== Work item ==
The response must consist of the lines below from the one with "sneakers (155,604,203,644)" through the one with "glove (305,411,340,446)", exactly as they appear and with both ends kept.

[Dataset excerpts]
◇ ◇ ◇

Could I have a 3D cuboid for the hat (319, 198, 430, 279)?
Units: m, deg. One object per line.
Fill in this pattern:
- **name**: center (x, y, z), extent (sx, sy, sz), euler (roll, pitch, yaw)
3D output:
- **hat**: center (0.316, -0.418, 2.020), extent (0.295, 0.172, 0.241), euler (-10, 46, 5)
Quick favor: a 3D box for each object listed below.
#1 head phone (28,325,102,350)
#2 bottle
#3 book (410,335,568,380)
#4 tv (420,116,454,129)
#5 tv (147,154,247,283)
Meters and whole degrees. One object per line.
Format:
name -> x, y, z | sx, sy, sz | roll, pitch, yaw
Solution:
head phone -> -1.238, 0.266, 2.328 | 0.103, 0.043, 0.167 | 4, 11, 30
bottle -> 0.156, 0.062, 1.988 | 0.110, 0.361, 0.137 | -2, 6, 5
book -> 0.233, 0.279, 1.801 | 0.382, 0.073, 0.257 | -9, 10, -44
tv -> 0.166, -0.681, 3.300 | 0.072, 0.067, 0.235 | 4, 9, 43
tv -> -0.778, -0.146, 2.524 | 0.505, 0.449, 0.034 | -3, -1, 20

◇ ◇ ◇

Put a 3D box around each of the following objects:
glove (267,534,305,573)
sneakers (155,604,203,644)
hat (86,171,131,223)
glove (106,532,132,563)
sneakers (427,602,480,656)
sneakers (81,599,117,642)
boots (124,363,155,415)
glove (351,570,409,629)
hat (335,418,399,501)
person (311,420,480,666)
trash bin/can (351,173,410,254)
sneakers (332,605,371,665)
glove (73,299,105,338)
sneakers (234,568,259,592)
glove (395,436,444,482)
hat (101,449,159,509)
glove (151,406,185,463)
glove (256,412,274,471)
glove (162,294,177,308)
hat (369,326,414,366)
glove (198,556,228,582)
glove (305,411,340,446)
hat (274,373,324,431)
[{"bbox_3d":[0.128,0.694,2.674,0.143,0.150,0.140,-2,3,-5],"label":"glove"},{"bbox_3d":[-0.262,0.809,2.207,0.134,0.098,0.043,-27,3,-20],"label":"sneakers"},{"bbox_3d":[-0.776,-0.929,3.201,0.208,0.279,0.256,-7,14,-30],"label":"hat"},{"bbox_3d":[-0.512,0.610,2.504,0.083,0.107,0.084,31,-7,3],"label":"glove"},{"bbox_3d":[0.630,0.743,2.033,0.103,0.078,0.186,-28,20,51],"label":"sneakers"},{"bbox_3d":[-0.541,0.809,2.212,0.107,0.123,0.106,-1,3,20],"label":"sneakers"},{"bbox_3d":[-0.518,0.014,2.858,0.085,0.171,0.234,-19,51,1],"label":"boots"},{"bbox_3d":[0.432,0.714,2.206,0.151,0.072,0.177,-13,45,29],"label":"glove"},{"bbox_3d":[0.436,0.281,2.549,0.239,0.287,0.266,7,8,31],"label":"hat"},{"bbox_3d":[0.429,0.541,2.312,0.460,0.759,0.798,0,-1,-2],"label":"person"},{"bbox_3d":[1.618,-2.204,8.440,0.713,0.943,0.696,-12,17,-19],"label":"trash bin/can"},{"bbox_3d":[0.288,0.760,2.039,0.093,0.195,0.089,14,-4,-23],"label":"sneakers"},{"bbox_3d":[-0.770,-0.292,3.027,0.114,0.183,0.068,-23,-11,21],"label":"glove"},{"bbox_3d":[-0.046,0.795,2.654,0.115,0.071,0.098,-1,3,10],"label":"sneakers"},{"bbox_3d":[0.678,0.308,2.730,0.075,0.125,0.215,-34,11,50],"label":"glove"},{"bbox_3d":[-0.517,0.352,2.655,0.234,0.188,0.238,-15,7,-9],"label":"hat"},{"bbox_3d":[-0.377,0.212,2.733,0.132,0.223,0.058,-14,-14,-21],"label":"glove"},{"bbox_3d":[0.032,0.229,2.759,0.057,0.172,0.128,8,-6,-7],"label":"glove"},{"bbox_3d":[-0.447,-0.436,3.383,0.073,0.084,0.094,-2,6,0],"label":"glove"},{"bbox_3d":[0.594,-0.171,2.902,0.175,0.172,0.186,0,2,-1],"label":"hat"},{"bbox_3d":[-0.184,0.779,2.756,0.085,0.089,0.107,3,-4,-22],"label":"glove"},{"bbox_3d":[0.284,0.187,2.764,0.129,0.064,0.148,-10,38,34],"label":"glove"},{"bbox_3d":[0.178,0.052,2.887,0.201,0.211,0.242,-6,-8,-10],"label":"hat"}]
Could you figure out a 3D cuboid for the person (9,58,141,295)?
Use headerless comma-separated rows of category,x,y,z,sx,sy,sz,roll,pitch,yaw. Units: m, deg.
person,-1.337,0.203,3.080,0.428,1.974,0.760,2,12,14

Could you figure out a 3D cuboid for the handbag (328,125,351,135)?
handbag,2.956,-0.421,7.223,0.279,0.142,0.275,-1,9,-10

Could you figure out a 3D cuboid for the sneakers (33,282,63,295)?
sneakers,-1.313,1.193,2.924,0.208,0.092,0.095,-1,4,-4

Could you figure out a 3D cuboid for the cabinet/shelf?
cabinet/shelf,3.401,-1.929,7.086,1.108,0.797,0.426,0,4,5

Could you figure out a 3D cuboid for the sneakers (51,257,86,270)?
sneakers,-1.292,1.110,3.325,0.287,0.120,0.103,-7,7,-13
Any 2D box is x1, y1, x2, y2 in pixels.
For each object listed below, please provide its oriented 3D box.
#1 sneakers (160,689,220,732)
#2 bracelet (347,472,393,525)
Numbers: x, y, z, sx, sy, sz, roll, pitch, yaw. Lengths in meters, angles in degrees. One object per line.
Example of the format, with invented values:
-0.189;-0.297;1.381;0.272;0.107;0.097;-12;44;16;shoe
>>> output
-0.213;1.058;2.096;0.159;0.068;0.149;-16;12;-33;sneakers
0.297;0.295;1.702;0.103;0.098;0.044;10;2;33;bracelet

◇ ◇ ◇

== Task answer ==
sneakers (155,604,203,644)
hat (86,171,131,223)
glove (106,532,132,563)
sneakers (427,602,480,656)
sneakers (81,599,117,642)
boots (124,363,155,415)
glove (351,570,409,629)
hat (335,418,399,501)
person (311,420,480,666)
trash bin/can (351,173,410,254)
sneakers (332,605,371,665)
glove (73,299,105,338)
sneakers (234,568,259,592)
glove (395,436,444,482)
hat (101,449,159,509)
glove (151,406,185,463)
glove (256,412,274,471)
glove (162,294,177,308)
hat (369,326,414,366)
glove (198,556,228,582)
glove (305,411,340,446)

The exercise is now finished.